= Basis swap =

Type of interest rate swap

A basis swap is an interest rate swap which involves the exchange of two floating rate financial instruments. A basis swap functions as a floating-floating interest rate swap under which the floating rate payments are referenced to different bases.

==Usage of basis swaps for hedging==
Basis risk occurs for positions that have at least one paying and one receiving stream of cash flows that are driven by different factors and the correlation between those factors is less than one. Entering into a Basis Swap may offset the effect of gains or losses resulting from changes in the basis, thus reducing basis risk.

1. against exposure to currency fluctuations (for example, 1 mo USD LIBOR for 1 mo GBP LIBOR)
2. against one index in the favor of another (for example, 1 mo USD T-bill for 1 mo USD LIBOR)
3. different points on a yield curve (for example, 1 mo USD LIBOR for 6 mo USD LIBOR)

==Basis swaps in energy commodities==
In energy markets, a basis swap is a swap on the price differential for a product and a major index product (e.g. Brent Crude or Henry Hub gas).

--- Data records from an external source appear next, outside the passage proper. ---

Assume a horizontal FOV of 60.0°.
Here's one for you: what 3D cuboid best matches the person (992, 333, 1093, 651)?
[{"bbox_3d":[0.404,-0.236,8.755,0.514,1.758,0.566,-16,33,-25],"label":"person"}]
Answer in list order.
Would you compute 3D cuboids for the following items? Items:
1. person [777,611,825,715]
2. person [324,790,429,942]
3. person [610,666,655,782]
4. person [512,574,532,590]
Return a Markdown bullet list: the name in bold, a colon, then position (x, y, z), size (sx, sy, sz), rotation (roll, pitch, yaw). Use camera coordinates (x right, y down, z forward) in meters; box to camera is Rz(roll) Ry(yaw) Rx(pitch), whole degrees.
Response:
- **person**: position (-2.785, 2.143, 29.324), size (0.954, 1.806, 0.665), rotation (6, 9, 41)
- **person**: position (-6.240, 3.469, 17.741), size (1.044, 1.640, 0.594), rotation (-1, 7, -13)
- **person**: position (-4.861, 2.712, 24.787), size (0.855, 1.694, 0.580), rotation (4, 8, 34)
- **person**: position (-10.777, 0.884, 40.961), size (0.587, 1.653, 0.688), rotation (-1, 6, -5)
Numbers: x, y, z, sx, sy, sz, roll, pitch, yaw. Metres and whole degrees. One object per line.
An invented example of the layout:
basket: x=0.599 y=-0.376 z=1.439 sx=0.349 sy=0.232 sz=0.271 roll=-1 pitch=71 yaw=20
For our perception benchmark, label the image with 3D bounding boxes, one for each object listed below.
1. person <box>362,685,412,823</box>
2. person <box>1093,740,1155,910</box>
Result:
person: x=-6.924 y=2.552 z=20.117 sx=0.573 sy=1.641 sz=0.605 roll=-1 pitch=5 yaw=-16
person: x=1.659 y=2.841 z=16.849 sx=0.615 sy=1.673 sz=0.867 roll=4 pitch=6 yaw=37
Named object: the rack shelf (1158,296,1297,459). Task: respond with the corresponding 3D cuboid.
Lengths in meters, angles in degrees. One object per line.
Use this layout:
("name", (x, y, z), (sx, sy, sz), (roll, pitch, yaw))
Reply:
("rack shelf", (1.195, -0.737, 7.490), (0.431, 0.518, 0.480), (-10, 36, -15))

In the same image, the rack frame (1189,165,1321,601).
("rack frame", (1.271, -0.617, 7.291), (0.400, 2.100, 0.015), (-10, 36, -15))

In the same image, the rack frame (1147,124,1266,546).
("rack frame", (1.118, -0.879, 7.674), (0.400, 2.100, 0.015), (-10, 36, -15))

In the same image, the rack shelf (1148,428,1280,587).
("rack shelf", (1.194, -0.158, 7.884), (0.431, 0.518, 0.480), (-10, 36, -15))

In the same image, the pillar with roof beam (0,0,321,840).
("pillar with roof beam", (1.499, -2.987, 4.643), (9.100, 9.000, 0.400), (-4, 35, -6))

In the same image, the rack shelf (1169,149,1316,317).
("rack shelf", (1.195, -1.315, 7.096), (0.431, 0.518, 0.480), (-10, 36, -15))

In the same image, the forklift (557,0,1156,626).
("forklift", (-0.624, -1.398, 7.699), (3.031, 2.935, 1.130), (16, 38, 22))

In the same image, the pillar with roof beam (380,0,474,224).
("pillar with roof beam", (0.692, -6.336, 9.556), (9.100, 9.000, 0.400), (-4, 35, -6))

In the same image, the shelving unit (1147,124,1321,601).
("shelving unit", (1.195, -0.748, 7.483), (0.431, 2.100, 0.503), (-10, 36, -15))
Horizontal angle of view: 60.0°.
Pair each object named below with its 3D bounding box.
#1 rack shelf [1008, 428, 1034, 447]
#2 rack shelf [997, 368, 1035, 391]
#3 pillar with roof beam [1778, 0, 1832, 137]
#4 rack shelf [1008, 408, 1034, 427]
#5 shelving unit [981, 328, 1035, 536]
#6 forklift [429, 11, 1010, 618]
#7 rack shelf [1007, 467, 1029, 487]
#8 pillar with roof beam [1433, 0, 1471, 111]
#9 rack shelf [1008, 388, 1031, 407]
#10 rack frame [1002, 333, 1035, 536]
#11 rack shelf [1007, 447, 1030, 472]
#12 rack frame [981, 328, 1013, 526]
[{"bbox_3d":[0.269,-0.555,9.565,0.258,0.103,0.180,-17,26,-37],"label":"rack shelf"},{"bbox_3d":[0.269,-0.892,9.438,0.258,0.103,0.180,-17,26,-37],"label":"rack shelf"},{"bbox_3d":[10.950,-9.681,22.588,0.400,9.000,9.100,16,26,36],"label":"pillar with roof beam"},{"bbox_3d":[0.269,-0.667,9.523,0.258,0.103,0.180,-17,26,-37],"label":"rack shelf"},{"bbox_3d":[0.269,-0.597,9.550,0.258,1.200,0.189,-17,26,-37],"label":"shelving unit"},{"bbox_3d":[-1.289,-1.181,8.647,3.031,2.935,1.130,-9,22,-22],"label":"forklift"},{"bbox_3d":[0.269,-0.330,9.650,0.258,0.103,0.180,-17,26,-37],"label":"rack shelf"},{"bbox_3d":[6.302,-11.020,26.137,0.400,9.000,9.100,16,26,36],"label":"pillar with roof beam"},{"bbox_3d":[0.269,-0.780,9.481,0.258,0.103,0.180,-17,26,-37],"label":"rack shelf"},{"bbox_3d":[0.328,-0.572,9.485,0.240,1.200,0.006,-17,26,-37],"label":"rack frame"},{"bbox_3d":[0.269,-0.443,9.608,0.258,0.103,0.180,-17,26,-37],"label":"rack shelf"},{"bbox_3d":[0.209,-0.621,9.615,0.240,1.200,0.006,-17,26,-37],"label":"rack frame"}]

== Cross-currency basis and market developments ==
Following the global financial crisis of 2007–2008, persistent deviations from covered interest rate parity (CIP) led to sustained cross-currency basis spreads in major currency markets. These spreads reflect funding pressures, balance sheet constraints of financial institutions, and regulatory capital requirements that limit arbitrage activity.